Il serait inquiétant que les États membres attachent leurs agendas nationaux aux affaires de l’OTAN au sens large, une alliance d’États-nations pourrait facilement se retrouver impuissante face à une avalanche de troubles paralysants, allant de la crise Américano-allemande concernant les renseignements en 2014, au différend anglo-espagnol - même la manne navale entre Londres et Madrid - sur le statut de Gibraltar.

Concentrez-vous sur le véritable agenda de l'OTAN qui seul compte et rappelez-vous que le YPG n'est pas un allié de l'OTAN.

L’Alliance a fort à faire avant la réunion des dirigeants à Londres. Ces dernières années, la RAND Corporation a publié une importante collection de rapports, suggérant que le district militaire occidental de la Russie jouit d’une supériorité conventionnelle sur le flanc oriental de l’OTAN. En 2014, les forces armées de la Fédération de Russie ont réactivé la 1re armée de blindés de la Garde, grande unité blindée située dans l'ouest du pays. De plus, le paysage stratégique post-INF (Traité sur les forces nucléaires à portée intermédiaire) risque d’exacerber une nouvelle course aux armements en Europe.

La Chine, par contre, pourrait intensifier les déploiements avancés des États-Unis en Asie-Pacifique, au cours des prochaines décennies, si elle maintenait sa tendance à l’escalade.

L’attaque d’Aramco a révélé une nouvelle réalité militaire sur le flanc sud. La lutte contre le terrorisme et la résolution des problèmes humanitaires sont d’autres thèmes essentiels dans le sud.

En outre, il existe des thèmes critiques, tels que l'intelligence artificielle et les développements des technologies de défense liées à la robotique, les opérations d'information activées par le cyber, les programmes d'avions de 6ème génération et la montée d'espaces de combat numérisés. Bien entendu, le partage de la charge, ainsi que l'appel à dépenser 2% du PIB en défense et 20% du budget annuel de la défense en équipements majeurs, figurent également sur la liste des choses à faire.

À l'occasion du 70e anniversaire de l'OTAN, l'alliance est toujours pertinente et nécessaire pour assurer la sécurité euro-atlantique. L'Alliance a protégé le monde libre pendant la guerre froide. Elle aura également à accomplir de grandes choses au cours des 70 prochaines années.
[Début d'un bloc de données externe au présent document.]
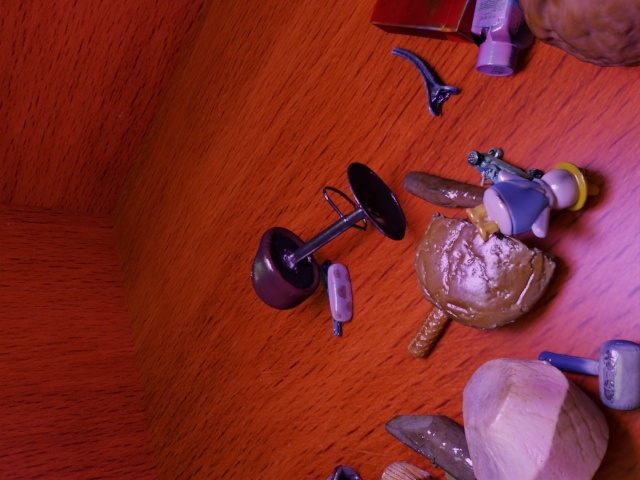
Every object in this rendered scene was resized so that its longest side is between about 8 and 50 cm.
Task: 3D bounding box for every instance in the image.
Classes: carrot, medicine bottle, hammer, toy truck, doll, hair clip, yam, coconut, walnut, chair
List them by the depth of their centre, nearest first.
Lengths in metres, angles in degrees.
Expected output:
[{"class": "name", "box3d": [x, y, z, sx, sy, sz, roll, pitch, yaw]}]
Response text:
[{"class": "walnut", "box3d": [0.457, -0.434, 0.791, 0.306, 0.344, 0.306, -10, 75, 40]}, {"class": "coconut", "box3d": [0.370, 0.341, 0.893, 0.259, 0.259, 0.259, -10, 78, 50]}, {"class": "hammer", "box3d": [0.474, 0.228, 0.906, 0.194, 0.069, 0.116, -5, 82, 59]}, {"class": "doll", "box3d": [0.395, -0.076, 0.935, 0.135, 0.241, 0.099, -118, 11, -63]}, {"class": "medicine bottle", "box3d": [0.382, -0.449, 1.060, 0.094, 0.119, 0.188, 16, 97, 51]}, {"class": "toy truck", "box3d": [0.378, -0.134, 1.061, 0.154, 0.080, 0.078, 45, 136, 44]}, {"class": "yam", "box3d": [0.256, 0.434, 1.108, 0.259, 0.106, 0.106, 20, 101, 48]}, {"class": "carrot", "box3d": [0.318, -0.100, 1.137, 0.342, 0.070, 0.070, 23, 103, 48]}, {"class": "hair clip", "box3d": [0.255, -0.425, 1.285, 0.083, 0.048, 0.275, -54, 43, 34]}, {"class": "chair", "box3d": [0.000, 0.000, 1.325, 0.401, 0.226, 0.227, -36, 58, 28]}, {"class": "hair clip", "box3d": [0.029, 0.164, 1.473, 0.039, 0.070, 0.230, -35, 66, 44]}]

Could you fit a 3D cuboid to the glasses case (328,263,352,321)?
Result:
[{"class": "glasses case", "box3d": [0.055, 0.146, 1.426, 0.041, 0.063, 0.164, -24, 66, 50]}]

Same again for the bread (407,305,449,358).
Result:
[{"class": "bread", "box3d": [0.254, 0.210, 1.186, 0.157, 0.044, 0.052, -63, 37, 22]}]

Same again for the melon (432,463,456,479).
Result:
[{"class": "melon", "box3d": [0.329, 0.555, 1.061, 0.262, 0.053, 0.114, 41, 134, 50]}]

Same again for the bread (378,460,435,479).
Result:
[{"class": "bread", "box3d": [0.200, 0.604, 1.129, 0.114, 0.132, 0.191, 4, 92, 52]}]

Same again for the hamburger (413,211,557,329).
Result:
[{"class": "hamburger", "box3d": [0.316, 0.068, 1.062, 0.309, 0.132, 0.211, 28, 103, 47]}]

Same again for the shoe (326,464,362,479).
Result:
[{"class": "shoe", "box3d": [0.094, 0.654, 1.277, 0.227, 0.099, 0.126, 42, 120, 50]}]

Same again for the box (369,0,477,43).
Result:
[{"class": "box", "box3d": [0.277, -0.604, 1.237, 0.313, 0.089, 0.197, 35, 110, 48]}]
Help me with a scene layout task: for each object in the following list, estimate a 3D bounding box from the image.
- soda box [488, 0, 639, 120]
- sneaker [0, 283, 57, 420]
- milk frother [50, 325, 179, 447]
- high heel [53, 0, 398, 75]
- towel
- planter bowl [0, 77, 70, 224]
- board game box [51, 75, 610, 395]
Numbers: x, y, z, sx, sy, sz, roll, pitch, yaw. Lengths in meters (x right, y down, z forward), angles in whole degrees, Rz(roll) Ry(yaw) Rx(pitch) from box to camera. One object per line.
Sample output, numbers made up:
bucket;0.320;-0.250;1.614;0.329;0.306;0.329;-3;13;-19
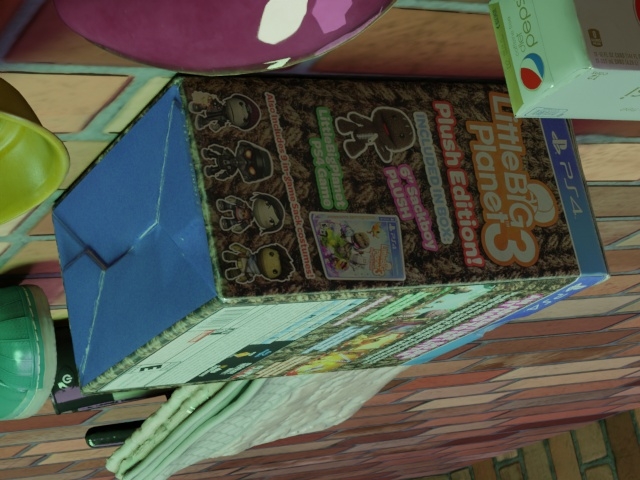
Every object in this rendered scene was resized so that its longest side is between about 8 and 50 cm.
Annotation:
soda box;0.205;-0.115;0.848;0.216;0.074;0.069;-2;162;-34
sneaker;-0.324;0.114;1.223;0.121;0.108;0.302;-5;166;-37
milk frother;-0.192;0.116;1.396;0.135;0.129;0.143;-9;-152;-6
high heel;0.016;-0.177;0.503;0.377;0.127;0.181;-15;136;29
towel;0.005;0.108;1.312;0.317;0.053;0.332;-14;157;-45
planter bowl;-0.232;-0.062;0.680;0.217;0.090;0.217;-10;164;-3
board game box;0.000;0.000;0.984;0.291;0.141;0.232;-2;162;-32
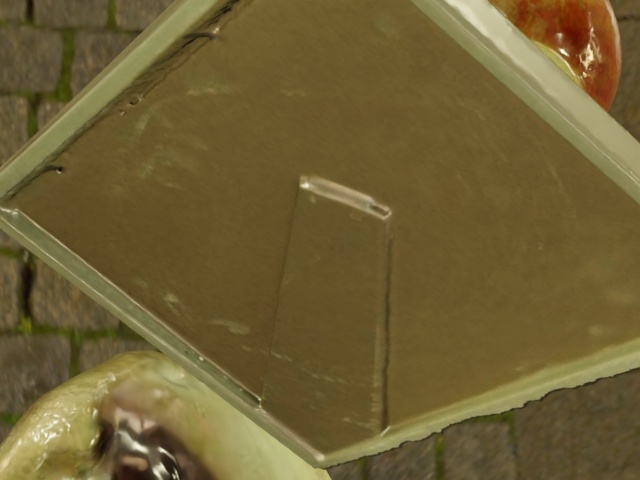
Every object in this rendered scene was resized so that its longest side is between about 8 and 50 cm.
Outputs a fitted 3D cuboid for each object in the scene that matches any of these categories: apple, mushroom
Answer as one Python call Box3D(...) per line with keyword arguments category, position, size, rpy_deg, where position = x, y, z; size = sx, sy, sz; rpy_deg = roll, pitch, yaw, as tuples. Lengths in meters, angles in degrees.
Box3D(category="apple", position=(0.096, -0.125, 0.964), size=(0.195, 0.173, 0.160), rpy_deg=(-12, 64, 28))
Box3D(category="mushroom", position=(-0.154, 0.201, 0.991), size=(0.217, 0.292, 0.212), rpy_deg=(-26, 87, 30))

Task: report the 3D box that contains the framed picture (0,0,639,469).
Box3D(category="framed picture", position=(0.000, -0.001, 0.523), size=(0.192, 0.265, 0.018), rpy_deg=(41, 55, -15))
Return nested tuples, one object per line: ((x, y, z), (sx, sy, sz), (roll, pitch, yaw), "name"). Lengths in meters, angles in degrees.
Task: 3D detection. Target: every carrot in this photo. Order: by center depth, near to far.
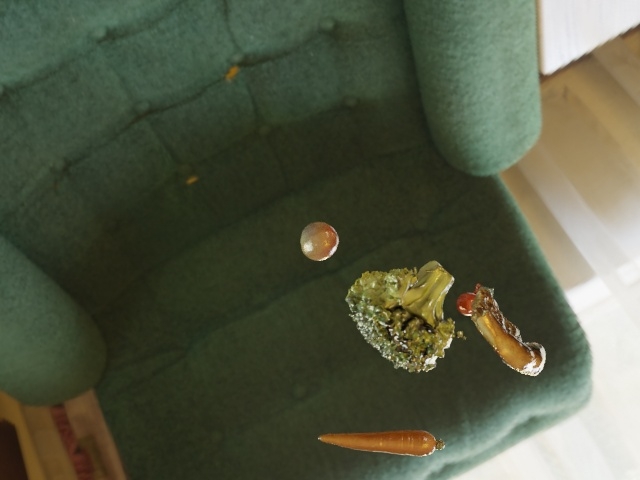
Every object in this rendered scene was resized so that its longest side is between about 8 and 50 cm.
((0.162, 0.520, 2.210), (0.335, 0.069, 0.069), (5, 141, -7), "carrot")

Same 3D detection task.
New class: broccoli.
((0.238, 0.183, 2.246), (0.281, 0.293, 0.348), (-47, -170, 3), "broccoli")

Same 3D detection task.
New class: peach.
((-0.001, 0.002, 1.758), (0.083, 0.083, 0.083), (-20, 148, -13), "peach")

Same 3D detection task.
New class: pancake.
((0.390, 0.199, 1.751), (0.056, 0.212, 0.257), (-37, -179, 21), "pancake")

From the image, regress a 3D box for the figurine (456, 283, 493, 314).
((0.430, 0.171, 2.365), (0.140, 0.075, 0.068), (-25, 122, -47), "figurine")
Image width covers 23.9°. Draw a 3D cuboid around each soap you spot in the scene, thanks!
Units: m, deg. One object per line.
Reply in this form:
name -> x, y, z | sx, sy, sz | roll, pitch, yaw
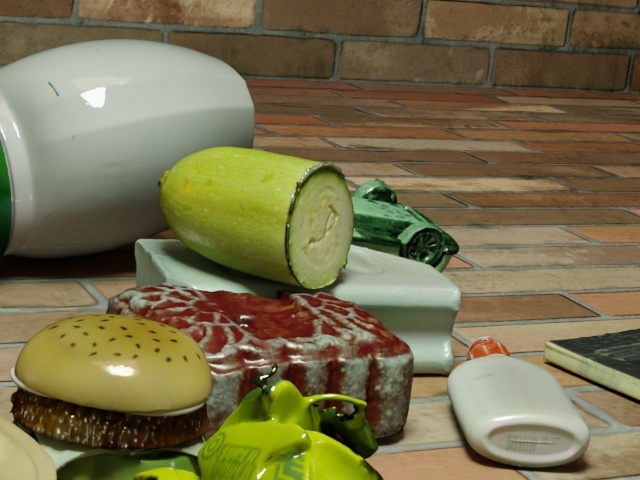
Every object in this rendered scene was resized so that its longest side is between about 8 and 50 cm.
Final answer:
soap -> -0.028, 0.063, 1.480 | 0.290, 0.095, 0.173 | 1, 16, -20

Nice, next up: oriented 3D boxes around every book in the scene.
book -> 0.442, 0.152, 1.487 | 0.263, 0.028, 0.374 | -4, 17, -40

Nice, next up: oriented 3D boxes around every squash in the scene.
squash -> -0.072, -0.028, 1.400 | 0.187, 0.123, 0.123 | 13, 16, 27

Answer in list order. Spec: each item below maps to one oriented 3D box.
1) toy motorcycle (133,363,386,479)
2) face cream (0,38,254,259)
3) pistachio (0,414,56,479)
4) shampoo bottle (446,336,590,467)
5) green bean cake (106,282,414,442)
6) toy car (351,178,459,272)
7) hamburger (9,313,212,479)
toy motorcycle -> 0.013, 0.193, 0.909 | 0.342, 0.142, 0.206 | 19, 57, 39
face cream -> -0.269, -0.096, 1.671 | 0.357, 0.219, 0.312 | -15, -9, -34
pistachio -> -0.270, 0.144, 0.993 | 0.201, 0.117, 0.145 | 5, 35, 5
shampoo bottle -> 0.168, 0.139, 1.356 | 0.108, 0.051, 0.221 | 3, 15, -5
green bean cake -> -0.050, 0.104, 1.304 | 0.233, 0.097, 0.198 | -1, 16, -25
toy car -> 0.000, 0.000, 1.655 | 0.306, 0.125, 0.136 | 6, 22, -30
hamburger -> -0.152, 0.124, 1.105 | 0.175, 0.136, 0.175 | 7, 11, -1
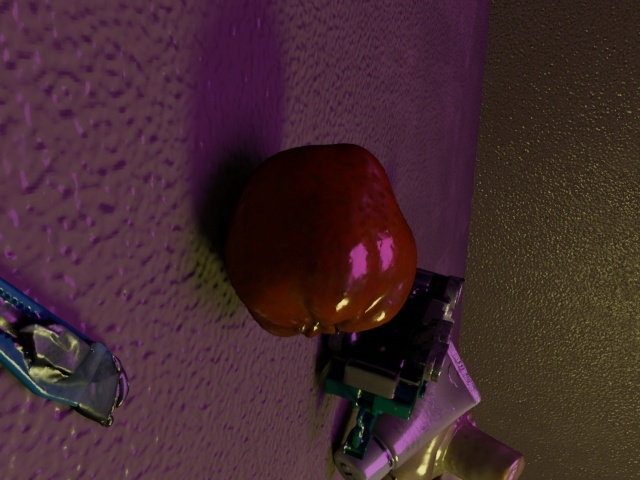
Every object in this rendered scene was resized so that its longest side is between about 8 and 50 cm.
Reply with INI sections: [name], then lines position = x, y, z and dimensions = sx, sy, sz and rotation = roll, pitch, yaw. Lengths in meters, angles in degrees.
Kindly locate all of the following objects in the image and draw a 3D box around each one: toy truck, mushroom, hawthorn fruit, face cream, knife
[toy truck]
position = 0.117, 0.164, 0.928
dimensions = 0.363, 0.177, 0.177
rotation = -46, 148, -58
[mushroom]
position = 0.261, 0.408, 1.176
dimensions = 0.292, 0.290, 0.292
rotation = -43, 147, -37
[hawthorn fruit]
position = 0.000, 0.000, 0.530
dimensions = 0.189, 0.189, 0.189
rotation = 7, 90, -70
[face cream]
position = 0.160, 0.305, 1.008
dimensions = 0.315, 0.089, 0.143
rotation = -31, 93, -30
[knife]
position = -0.170, 0.035, 0.285
dimensions = 0.044, 0.026, 0.296
rotation = -60, 153, -23

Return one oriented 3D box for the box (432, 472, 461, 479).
[box]
position = 0.226, 0.670, 1.355
dimensions = 0.365, 0.051, 0.204
rotation = 111, -1, -59
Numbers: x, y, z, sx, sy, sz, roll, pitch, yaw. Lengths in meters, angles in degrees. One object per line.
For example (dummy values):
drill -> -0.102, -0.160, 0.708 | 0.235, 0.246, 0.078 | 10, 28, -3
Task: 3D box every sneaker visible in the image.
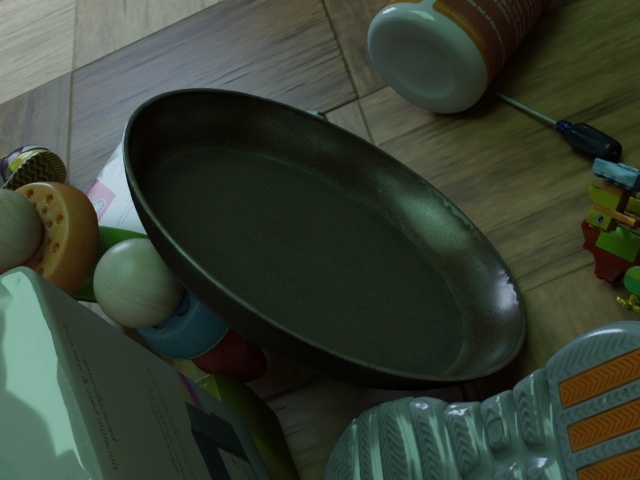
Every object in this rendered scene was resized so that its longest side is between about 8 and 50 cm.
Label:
sneaker -> 0.144, 0.139, 0.585 | 0.321, 0.180, 0.124 | -30, 59, 50
sneaker -> -0.362, -0.035, 1.121 | 0.185, 0.069, 0.084 | -38, 31, -20

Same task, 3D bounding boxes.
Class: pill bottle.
pill bottle -> 0.148, -0.230, 0.970 | 0.121, 0.121, 0.216 | 14, 55, 40

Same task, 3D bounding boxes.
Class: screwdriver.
screwdriver -> 0.192, -0.102, 0.884 | 0.025, 0.024, 0.170 | -14, 30, -27

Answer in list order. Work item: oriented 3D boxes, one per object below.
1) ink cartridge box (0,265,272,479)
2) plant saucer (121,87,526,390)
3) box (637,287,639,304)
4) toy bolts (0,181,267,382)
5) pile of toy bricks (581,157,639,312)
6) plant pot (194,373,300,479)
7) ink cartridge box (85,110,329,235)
ink cartridge box -> -0.136, 0.162, 0.527 | 0.207, 0.353, 0.119 | -28, 64, 1
plant saucer -> 0.000, 0.000, 0.730 | 0.050, 0.311, 0.310 | -58, 29, 28
box -> 0.281, 0.006, 0.521 | 0.164, 0.021, 0.201 | 15, 33, 40
toy bolts -> -0.161, 0.062, 0.754 | 0.229, 0.158, 0.218 | 0, 75, 29
pile of toy bricks -> 0.245, 0.030, 0.664 | 0.212, 0.118, 0.105 | 29, 104, 35
plant pot -> -0.074, 0.143, 0.732 | 0.082, 0.083, 0.081 | -28, 39, 0
ink cartridge box -> -0.098, -0.029, 0.926 | 0.218, 0.092, 0.158 | -1, 47, 33
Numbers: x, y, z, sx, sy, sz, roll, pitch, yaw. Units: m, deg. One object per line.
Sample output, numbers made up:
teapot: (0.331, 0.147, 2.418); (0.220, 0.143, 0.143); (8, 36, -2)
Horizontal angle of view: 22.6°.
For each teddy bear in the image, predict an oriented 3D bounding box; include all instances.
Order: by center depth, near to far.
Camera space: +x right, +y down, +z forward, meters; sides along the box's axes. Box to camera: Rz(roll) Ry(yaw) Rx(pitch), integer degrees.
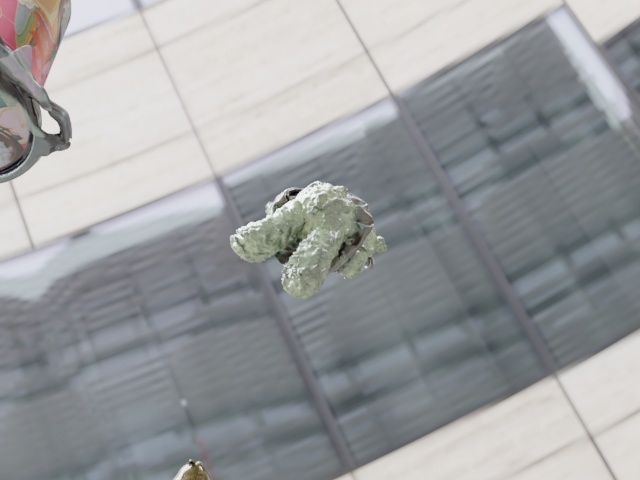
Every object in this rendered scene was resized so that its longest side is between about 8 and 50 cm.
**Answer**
teddy bear: (0.005, -0.016, 1.693); (0.213, 0.133, 0.111); (-14, -45, -60)

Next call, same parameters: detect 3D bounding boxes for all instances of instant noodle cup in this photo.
instant noodle cup: (-0.346, -0.201, 1.502); (0.302, 0.182, 0.258); (21, -34, 0)

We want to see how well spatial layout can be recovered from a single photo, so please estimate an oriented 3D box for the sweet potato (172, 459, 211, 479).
sweet potato: (-0.005, 0.248, 0.768); (0.124, 0.310, 0.098); (-18, -12, 5)

Entre autres tâches ardues, les dirigeants alliés devraient avoir des préoccupations plus importantes que l’inquiétude face à l’action militaire de la Turquie dans le nord de la Syrie ou au sort des groupes armés non étatiques affiliés au PKK.

* Les opinions exprimées dans cet article sont celles de l’auteur et ne reflètent pas nécessairement la politique éditoriale de l’Agence Anadolu.